Thus, given a filtering operator primitive, the overall collision-detection algorithm itself runs as follows, depicted in Figure 36-2. Starting from a single pair of top-level bounding boxes for the models in question, each active bounding box pair is checked for collision. Next, bounding box pairs that do not collide are filtered out using the filtering primitive described in Section 36.1. The short list of remaining pairs of leaf bounding boxes that point to triangles in the respective models are checked for physical collision. The remaining list of nonleaf pairs is doubled in length, one for each child of the larger of the two bounding boxes. The algorithm is then repeated for this doubled list, until it has been filtered to length zero.

36.3 Filtering for Subdivision Surfaces

The filtering idiom we presented is useful not only in tree searches such as collision detection, but also in conjunction with imbalanced trees, graphs, and other sparse data sets such as meshes. A hardware-accelerated adaptive subdivision surface tessellation algorithm offers an interesting possibility as the computational capabilities of fragment programs continue to improve. Subdivision surfaces operate as follows: Given an input mesh with connectivity information, an output mesh of four times the number of triangles is produced. Each triangle is then split into four smaller triangles, and those triangles' vertex positions are updated based on neighboring vertex positions. The result is a smoother mesh. Repetition of this algorithm causes the mesh to converge to a smooth limit surface.

Adaptive subdivision surfaces operate similarly, but with the caveat that some triangles may be frozen based on image-space size, curvature, or any per-edge constraint, and hence not divided. In this case, we examine Loop's subdivision scheme (Loop 1987), which uses neighbor information from the adjacent polygons to compute a smoothed vertex position. This process may be repeated until the desired polygon count is reached. In the limiting case, Loop subdivision guarantees C2 continuity at vertices that have six neighbors and hence a valence of six; it guarantees C1 continuity at the vertices that have a valence other than six. A surface with C1 continuity has no sharp corners, and a surface with C2 continuity has no drastic changes in curvature along that surface. Loop subdivision never creates new vertices with higher valence than the original model, so the original model dictates the highest possible valence.
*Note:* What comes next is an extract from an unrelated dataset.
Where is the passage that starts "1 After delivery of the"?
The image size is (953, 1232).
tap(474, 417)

36.3.1 Subdivision on Streaming Architectures

We implement adaptive subdivision surfaces in Brook using the filtering process presented in Section 36.1. An adaptive subdivision scheme requires filtering completed triangles at each stage of the algorithm, and it requires communication to determine which neighbors are filtered.

In a streaming application that operates on a stream of triangles of increasing sparseness, it is prudent to have each triangle be self-contained, tracking the coordinates of its neighboring vertices, instead of saving and updating indices to neighbors. The texture indirection from its neighbor list, and the as-yet-unsolved problem of tracking updates to the neighbor list as subdivision continues, make tracking pointers to neighbors a difficult proposition. However, tracking the coordinates of neighbors directly uses only a quarter more storage and results in far fewer dependent texture lookups and thus faster performance.
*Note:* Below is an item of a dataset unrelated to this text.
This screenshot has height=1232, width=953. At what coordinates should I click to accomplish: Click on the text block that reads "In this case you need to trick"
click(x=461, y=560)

The algorithm operates on a stream of triangles, consisting of three coordinates per vertex, and a Boolean value indicating if any edge that the vertex touches has completed its subdivision. Alongside this stream of triangles is a stream of neighboring vertices, consisting of nine vertices arranged in a clockwise ordering, as illustrated in Figure 36-3. Thus, we assert a maximum valence of six for code brevity, though no such limit is imposed by the algorithm in general. After a triangle is split, the floats in the neighbor list refer to differing items based on the extra three neighboring vertices that are created during the split. A separate split-triangle structure is used to contain the six split and perturbed vertices within the original triangle. See Listing 36-5.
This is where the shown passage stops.